Logo

AFTx06_Caravel

public

AFTx06_Caravel

Introduction

The "AFTx06_Caravel" repository is the collection of files for the AFTx06 RISC-V core that was designed by the Purdue System-on-Chip Extension Technology (SoCET) team. As an undergraduate team, our goal is to provide students with an educational hands on experience for system-on-chip (SoC) design with industry quality SoC design flows. Within the greater SoCET team, there are six well defined sub-teams: Digital Design, Verification, Software, PCB Design, Physical and Analog Design, and Design Flow. Within the six sub-teams, there are groups of students working on peripheral components or small projects, for example of which, many students develop a project within SoCET for their senior design projects. The results of their experiences are reflected within the design for the AFTx06. Being the sixth iteration of the Purdue SoCET team's SoC design, the AFTx06 improves upon our previous design, the AFTx05. The AFTx06 improves upon the previous iteration through additional features such as an added M-Extension, Local and External Interrupt Controller, redesigned Master MUX that now includes Formal Verification, as well as SPI and I2C capabilities. A complete list of the included modules/peripherals is given in the Features section.

Motivation

As undergraduates, members of the Purdue SoCET team are able to engage in RTL, Physical, and PCB design; chip bringup; verification methods; and various EDA tools and software suites. This allows a student through SoCET to engage with the entire life cycle of chip design even as an undergraduate with any degree of prior experience. The AFTx06 thereby represents the combined efforts of the team and its consultants through multiple years of research and design in developing a successful RISC-V core that can be used for low power IOT devices, edge node computation, or machine learning applications thanks to the implementation of a SparCE Architecture within our design.

Features

The AFTx06 implements an RVIMF Instruction Set, with Multiplication and Division capabilities, as well as other unique features and abilities that are not commonly found on other SoC devices. Arguably the most intruiging feature is the SparCE Machine Learning Architecture, an on-chip machine learning architecture to utilize sparsity in convolution arithmetic, allowing extraneous instructions to be skipped. More details on the SparCE architecture is given in the SparCE Machine Learning Architecture section found under Features, below. The AFTx06 also includes novel and experimental designs such as Non-Symmetric CMOS Implementation of Polymorphic Logic, Layout for Electromigration Test Structures, JTAG interface, Phase-Locked Loop, and Platform-Level Interrupt Controller. Many features are experimental designs put forth by Purdue University professors and implemented by the SoCET team. Further details on these can be found in sections below of the same names.
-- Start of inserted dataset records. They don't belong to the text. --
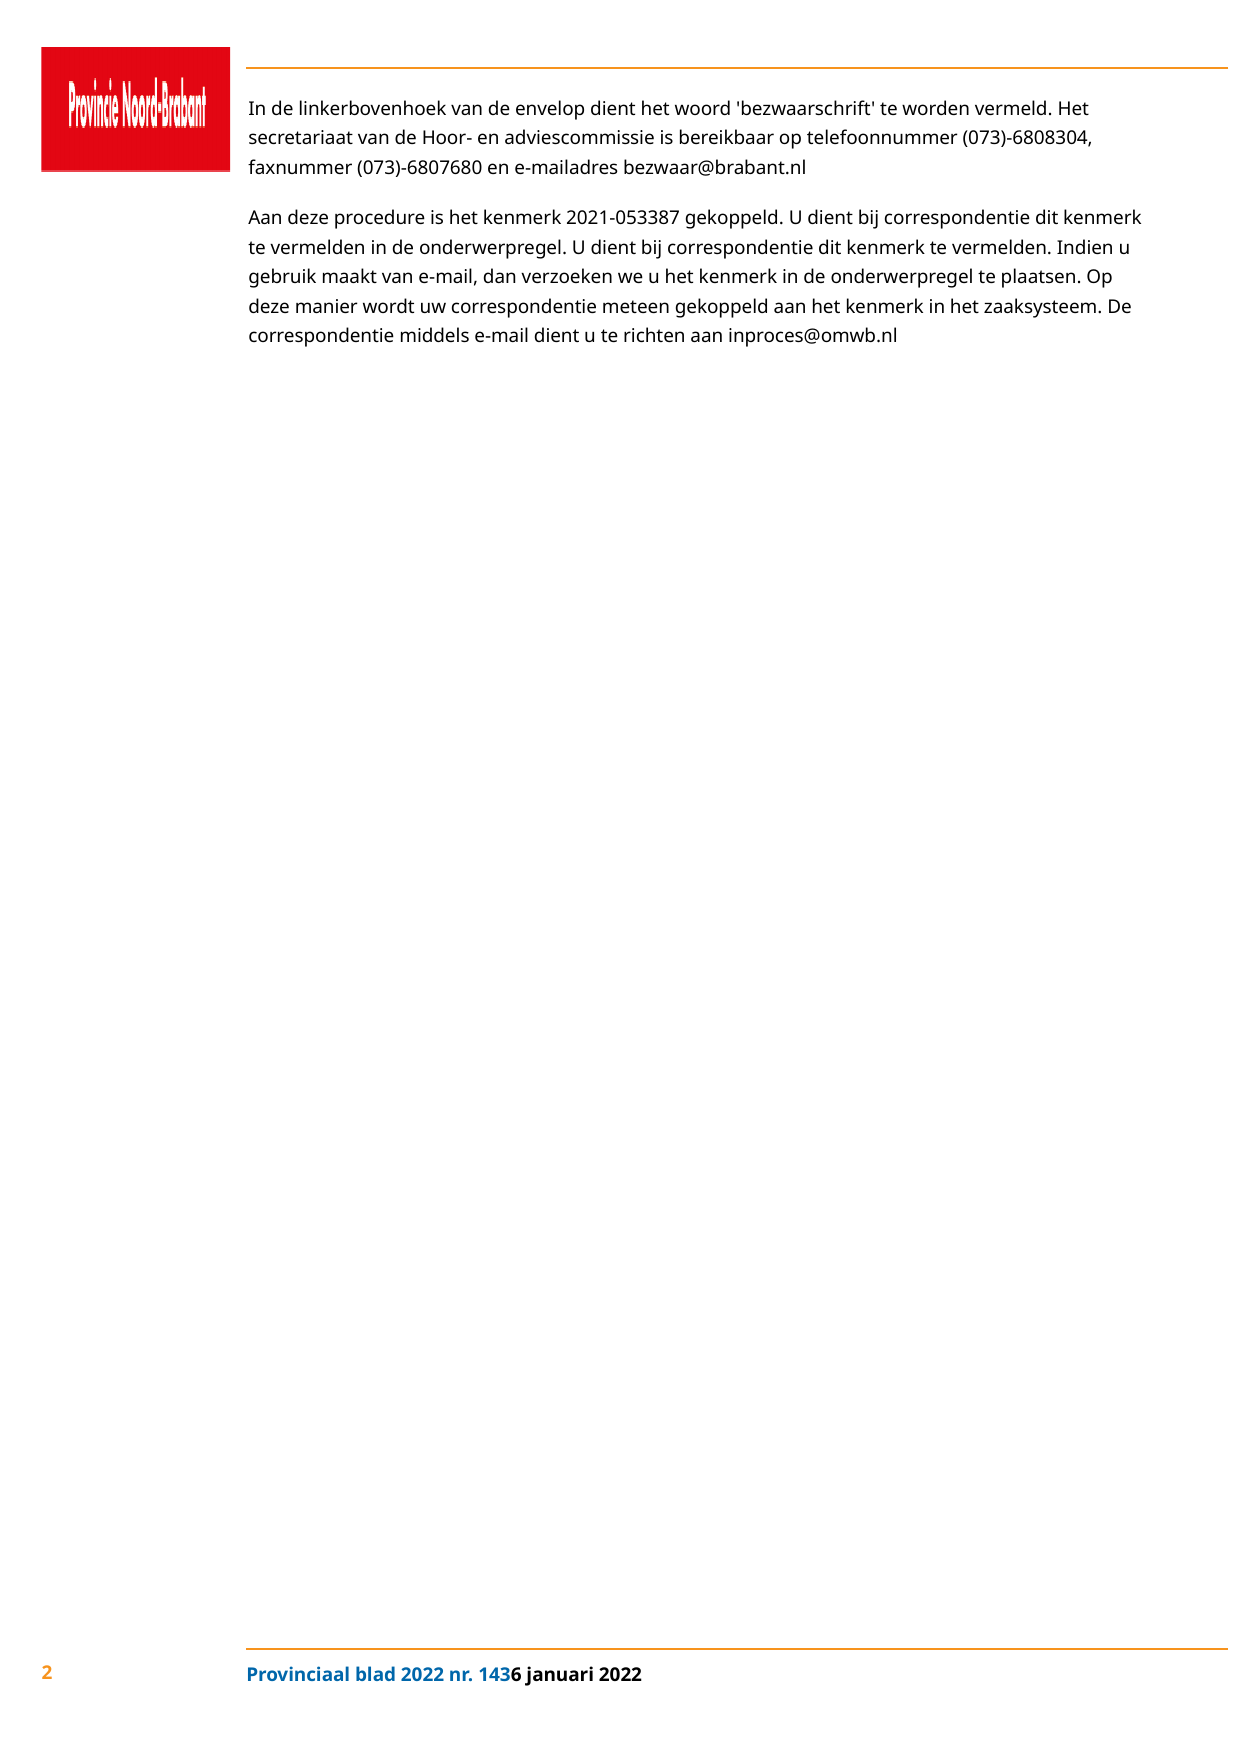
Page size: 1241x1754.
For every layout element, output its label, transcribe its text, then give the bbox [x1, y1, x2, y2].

text In de linkerbovenhoek van de envelop dient het woord 'bezwaarschrift' te worden vermeld. Het secretariaat van de Hoor- en adviescommissie is bereikbaar op telefoonnummer (073)-6808304, faxnummer (073)-6807680 en e-mailadres bezwaar@brabant.nl [248, 95, 1152, 180]
text Aan deze procedure is het kenmerk 2021-053387 gekoppeld. U dient bij correspondentie dit kenmerk te vermelden in de onderwerpregel. U dient bij correspondentie dit kenmerk te vermelden. Indien u gebruik maakt van e-mail, dan verzoeken we u het kenmerk in de onderwerpregel te plaatsen. Op deze manier wordt uw correspondentie meteen gekoppeld aan het kenmerk in het zaaksysteem. De correspondentie middels e-mail dient u te richten aan inproces@omwb.nl [248, 204, 1152, 348]
picture [41, 47, 231, 172]
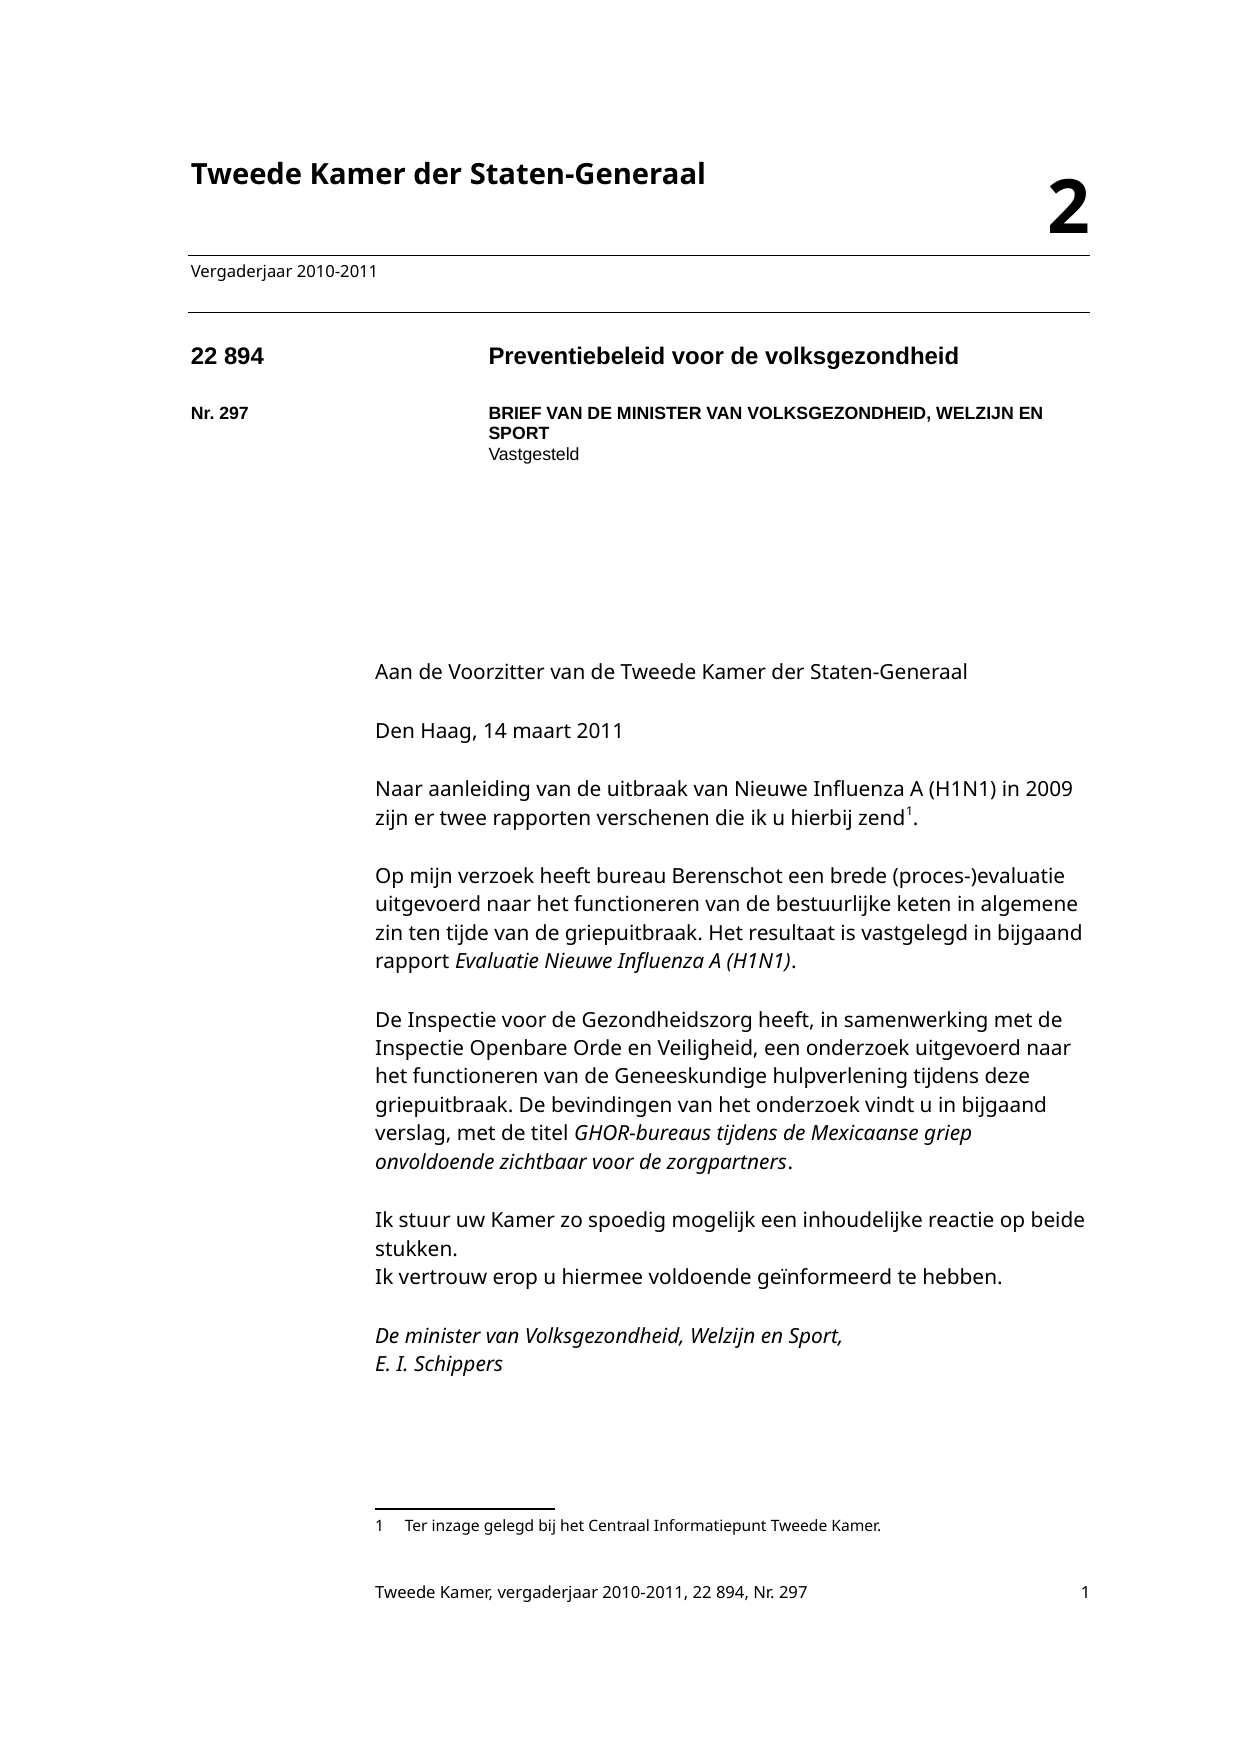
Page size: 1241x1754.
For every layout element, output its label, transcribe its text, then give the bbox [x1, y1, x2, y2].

text Naar aanleiding van de uitbraak van Nieuwe Influenza A (H1N1) in 2009 zijn er twee rapporten verschenen die ik u hierbij zend. [375, 774, 1090, 831]
table_header Tweede Kamer der Staten-Generaal [188, 150, 909, 255]
table_cell [485, 313, 1090, 339]
text Op mijn verzoek heeft bureau Berenschot een brede (proces-)evaluatie uitgevoerd naar het functioneren van de bestuurlijke keten in algemene zin ten tijde van de griepuitbraak. Het resultaat is vastgelegd in bijgaand rapport Evaluatie Nieuwe Influenza A (H1N1). [375, 861, 1090, 975]
table_cell Preventiebeleid voor de volksgezondheid [485, 339, 1090, 399]
table_cell [188, 313, 485, 339]
table_cell Vergaderjaar 2010-2011 [188, 256, 485, 312]
text De Inspectie voor de Gezondheidszorg heeft, in samenwerking met de Inspectie Openbare Orde en Veiligheid, een onderzoek uitgevoerd naar het functioneren van de Geneeskundige hulpverlening tijdens deze griepuitbraak. De bevindingen van het onderzoek vindt u in bijgaand verslag, met de titel GHOR-bureaus tijdens de Mexicaanse griep onvoldoende zichtbaar voor de zorgpartners. [375, 1005, 1090, 1175]
text E. I. Schippers [375, 1349, 1090, 1378]
table_cell 22 894 [188, 339, 485, 399]
table_cell [485, 256, 1090, 312]
text Den Haag, 14 maart 2011 [375, 716, 1090, 744]
text Ik vertrouw erop u hiermee voldoende geïnformeerd te hebben. [375, 1262, 1090, 1291]
table_cell Nr. 297 [188, 399, 485, 539]
text Ter inzage gelegd bij het Centraal Informatiepunt Tweede Kamer. [375, 1508, 1090, 1536]
text Ik stuur uw Kamer zo spoedig mogelijk een inhoudelijke reactie op beide stukken. [375, 1205, 1090, 1262]
table_header 2 [910, 150, 1090, 255]
text Aan de Voorzitter van de Tweede Kamer der Staten-Generaal [375, 657, 1090, 686]
text De minister van Volksgezondheid, Welzijn en Sport, [375, 1321, 1090, 1349]
table_cell BRIEF VAN DE MINISTER VAN VOLKSGEZONDHEID, WELZIJN EN SPORT Vastgesteld [485, 399, 1090, 539]
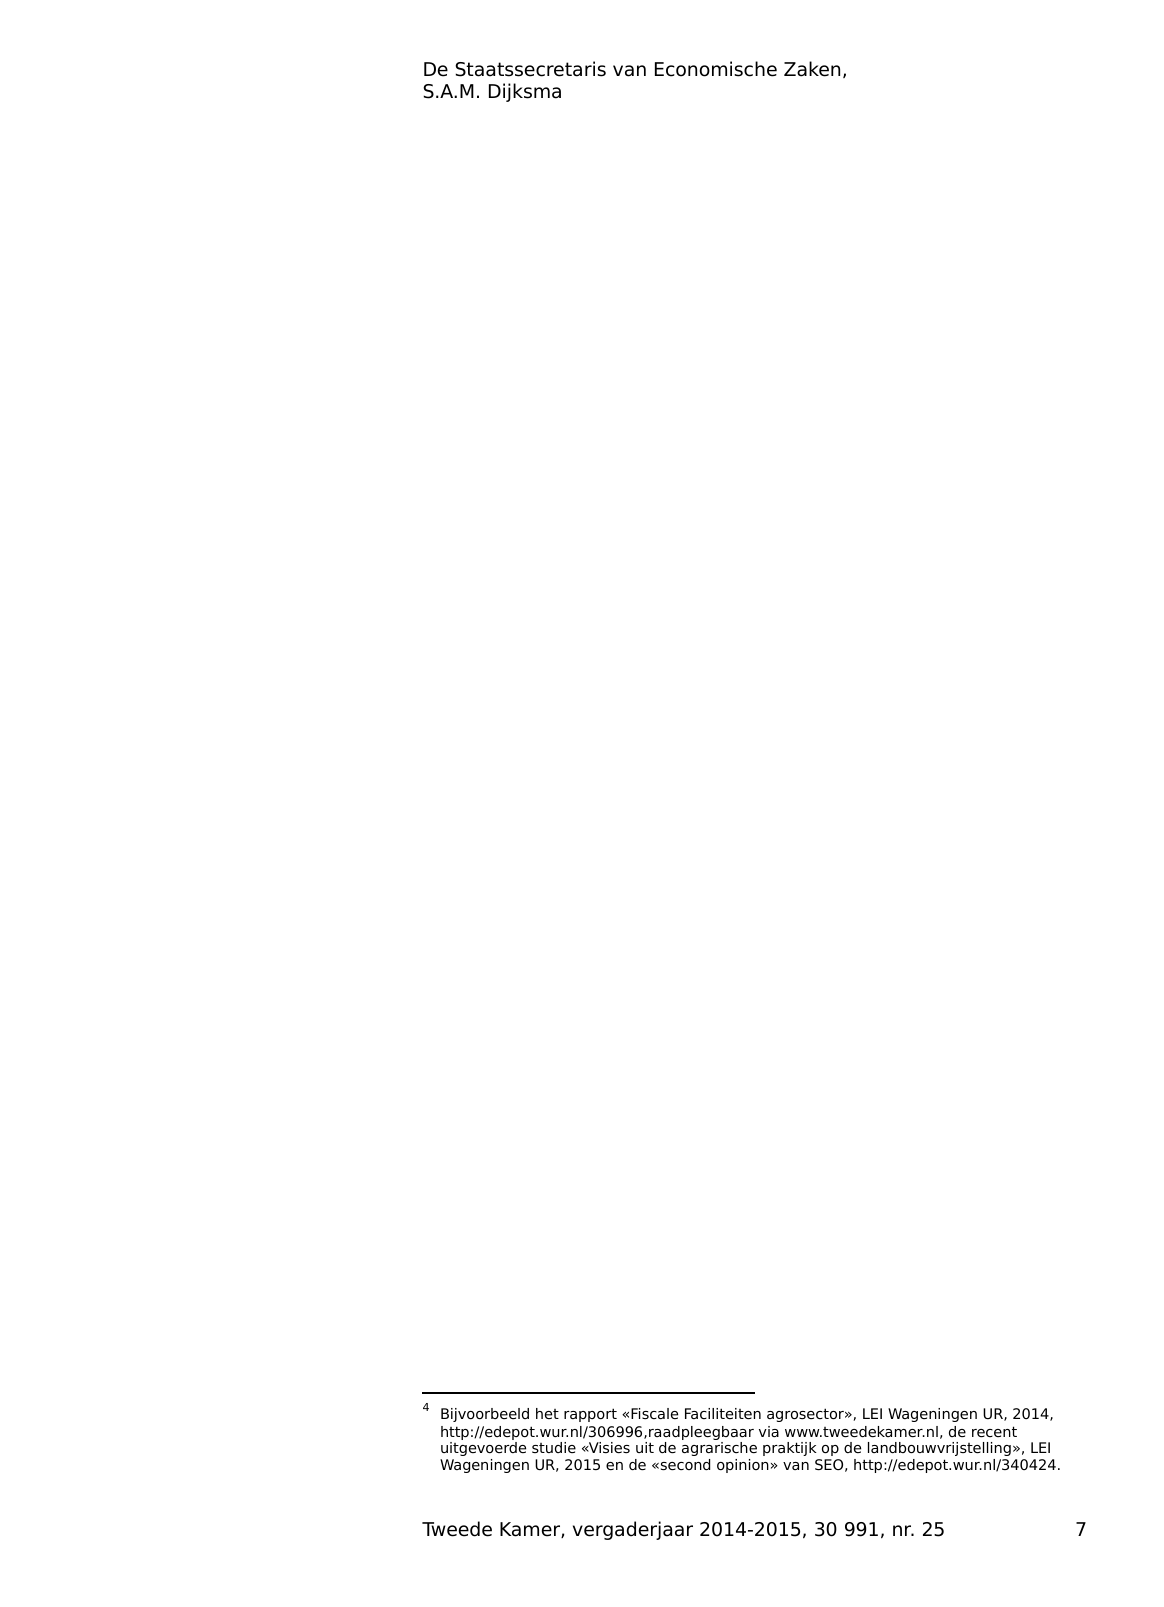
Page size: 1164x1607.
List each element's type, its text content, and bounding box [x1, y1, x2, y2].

text Bijvoorbeeld het rapport «Fiscale Faciliteiten agrosector», LEI Wageningen UR, 2014, http://edepot.wur.nl/306996,raadpleegbaar via www.tweedekamer.nl, de recent uitgevoerde studie «Visies uit de agrarische praktijk op de landbouwvrijstelling», LEI Wageningen UR, 2015 en de «second opinion» van SEO, http://edepot.wur.nl/340424. [422, 1402, 1087, 1474]
text De Staatssecretaris van Economische Zaken, S.A.M. Dijksma [422, 59, 1087, 103]

Figure 1: AFTx06 Block Diagram

List of Current Features (Modules/Peripherals):

  • 32kHz Ring Oscillator
  • APB
  • AHB - APB Bridge
  • AMBA 3.0 AHB-lite Bus
  • CLINT
  • CORE-INTERRUPT
  • DEBUGGER
  • GPIO
  • I2C
  • MEMORY-BLOCKS
  • OFFCHIP-SRAM
  • PLIC
  • RISC-V Processor (1st AHB Primary Device)
    • RV32I Instruction Set Architecture
    • Pass Through Cache
    • 2 Stage Pipeline
  • SPI
  • SRAM-CONTROLLER
  • TIMER
  • UART Debugger (2nd AHB Primary Device)

Memory Map:

Address Range Size (Used) Unit
0xFFFF-FFFF ... 0xF000_0000   Reserved
0xEFFF_FFFF ... 0xE001_0000   Reserved
0xE000_FFFF ... 0xE000_0000   Interrupt Controllers Clint - # of Address depends on # of cores (1 core - 20 bytes) PLIC - # of addresses depends on # of external interrupts
0x9000_FFFF ... 0x9000_0000 8 Bytes SparCE SASA Table Offset 0x00: Write addr for SASA entries Offset 0x04: Write addr for SASA config
0x8FFF_FFFF ... 0x8005_0000   Reserved for other peripherals
0x8004_FFFF ... 0x8003_0000   I2C
0x8003_FFFF ... 0x8003_0000   SPI
0x8002_FFFF ... 0x8002_0000   Timer
0x8001_FFFF ... 0x8001_0000   PWM
0x8000_FFFF ... 0x8000_0000   GPIO
0x7FFF_FFFF ... 0x0020_0000   Reserved
32'h001F_FFFF ... 32'h0000_8400 2MiB (Initial 33792 bytes unused) Main Memory for the SoC
32'h0000_83FF ... 32'h0000_8000 1024 bytes Onchip RAM "TOP RAM"
32'h0000_7FFF ... 32'h0000_0200 32256 bytes Onchip self test ROM
32'h0000_01FF ... 32'h0000_0200 480 bytes Reserved
32'h0000_001F ... 32'h0000_0000 8 words (16 bytes) Address 0x00 = PC to jump to after debugger writes "BOTTOM RAM"

SparCE Machine Learning Architecture

Figure 2: SparCE Block Diagram

SpareCE is an on-chip machine learning architecture that utilizes sparsity in convolution arithmetic to allow extraneous instructions to be skipped. Utilized by our design, the architecture has been designed to improve both the speed and power consumption of this common machine learning calculation. Students Vadim Nikiforov and Chan Weng Yan designed the module as it was described in the paper SparCE: Sparsity Aware General-Purpose Core Extensions to Accelerate Deep Neural Networks [1] with the intent to demonstrate the capabilities of the architecture on an ASIC implementation.

Figure 3: SparCE Diagram Architecture

The design architecture of the SparCE module is shown in Fig. 3. The blocks within the dotted boundary illustrate the interaction between functional blocks. Signals outside the boundary are inputs from and outputs to the rest of the pipeline.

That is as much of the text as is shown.